Furious citizens are expected to lambaste the mayor for neglecting bridge maintenance. Rescue efforts succeeded, saving all 13 residents from the water.
Habid Mubarik is at the center of a growing political crisis. Zaire claims this visitor is a spy, photographing key national secrets. Honduras has protested the arrest of their citizen as an unjustified act of aggression before the United Nations. A Vote of Censure has been brought against Zaire and will be decided within the next three days. Says Representative Jacque Glotz, "I'm not ready to go ahead with this proposal."
Usually clarifying things, Representative Diane Peterson responded "I think we ought to take immediate action on whatever looks good." He later added, "I highly recommend we begin proceedings for these considerations."
When questioned about his inscrutable propensity for killing irons, Francis Justin, the house spouse in question, replied, "I'm glad I killed the iron!

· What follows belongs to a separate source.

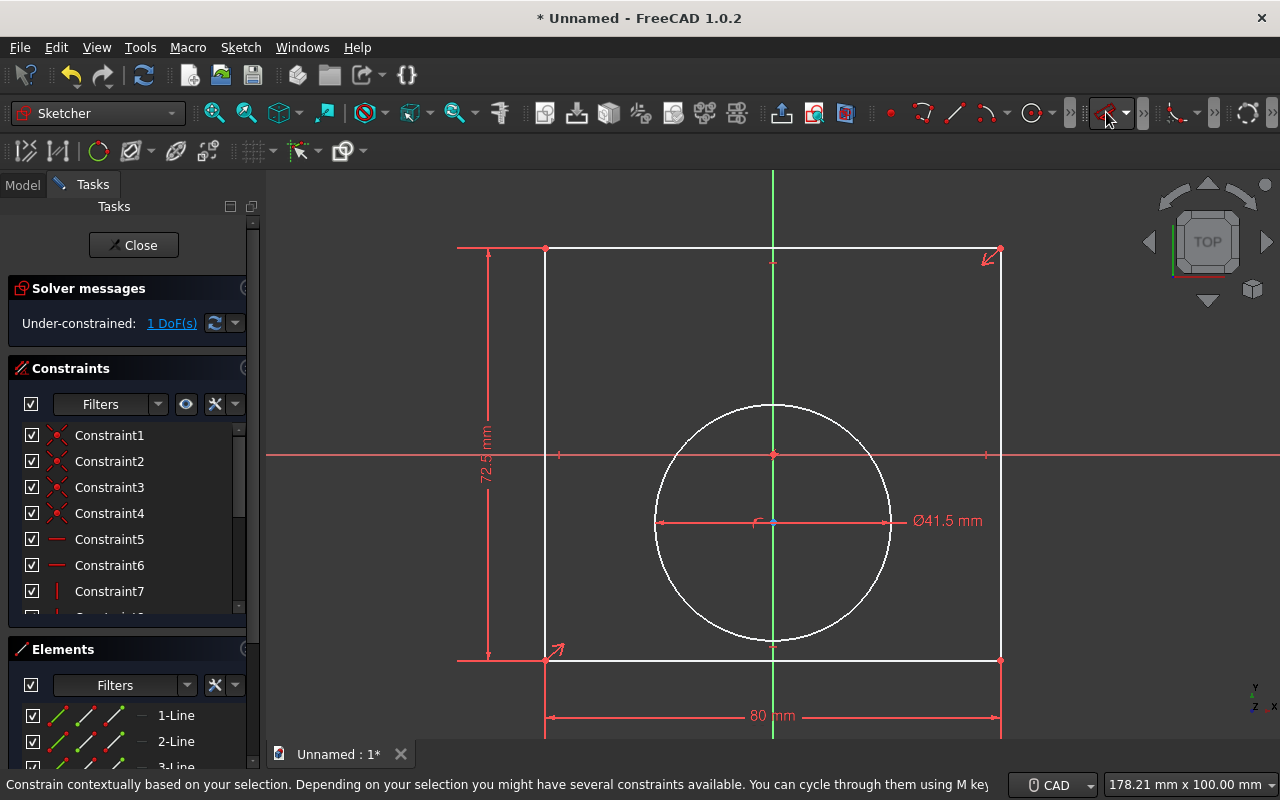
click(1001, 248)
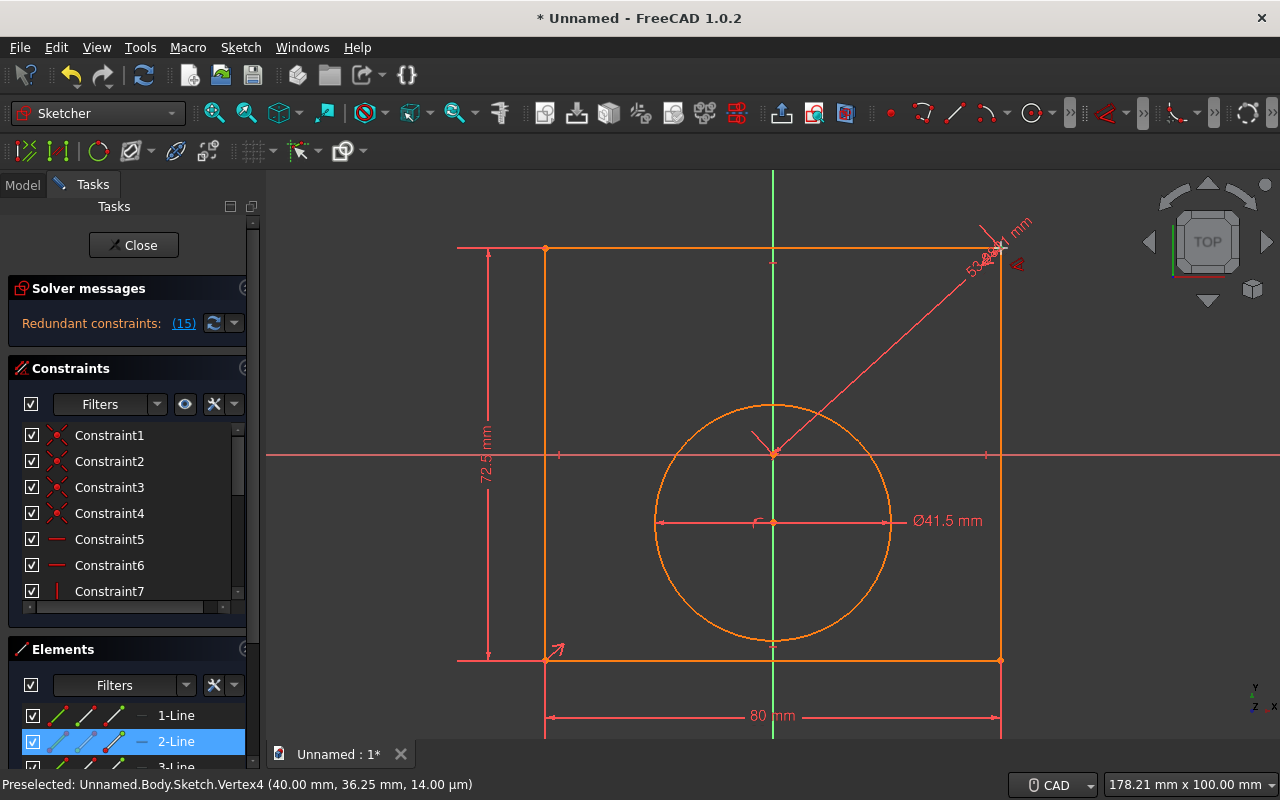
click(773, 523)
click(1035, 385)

Glad, I tell you, GLAD! Ah-ha-ha...GLAD!" He then slammed the door and hid in his atrium.
Police are still trying to decide if killing irons is a crime, but attorney Jennifer O'Hare has volunteered to defend the house spouse if it comes to trial.
Mayor Jason proposed that the town declare this day a holiday in memorial of the occasion. He was smoothly thrashed by local protesters and retracted his proposition.
Local law enforcement personnel were forced to dress extra nice for their statement.
When questioned on this issue, Mayor Jason replied "I have no comment at this time." Typical.
A new census by the esteemed Edward Labs was released today emphasizing the importance of insomnia. The census focuses on identification and treatment of insomnia.
According to the census, everyone should be aware of the early warning signs of insomnia. These signs can include: vomiting up insomnia, loss of tooth control and occasional fits of hamster violence.
"If you are experiencing all of these symptoms, then it's probably a nice idea to take massive amounts of medication," representatives say.
This will have serious ramifications for the future of Jasonia. In this horrible reporter's opinion, only the future can tell.
"I have nothing but nausea for those sulky priests affected by this" commented an observer.
Soap-opera stars everywhere touched apologetically at the news. "Gee whiz! I just can't believe it," averred one.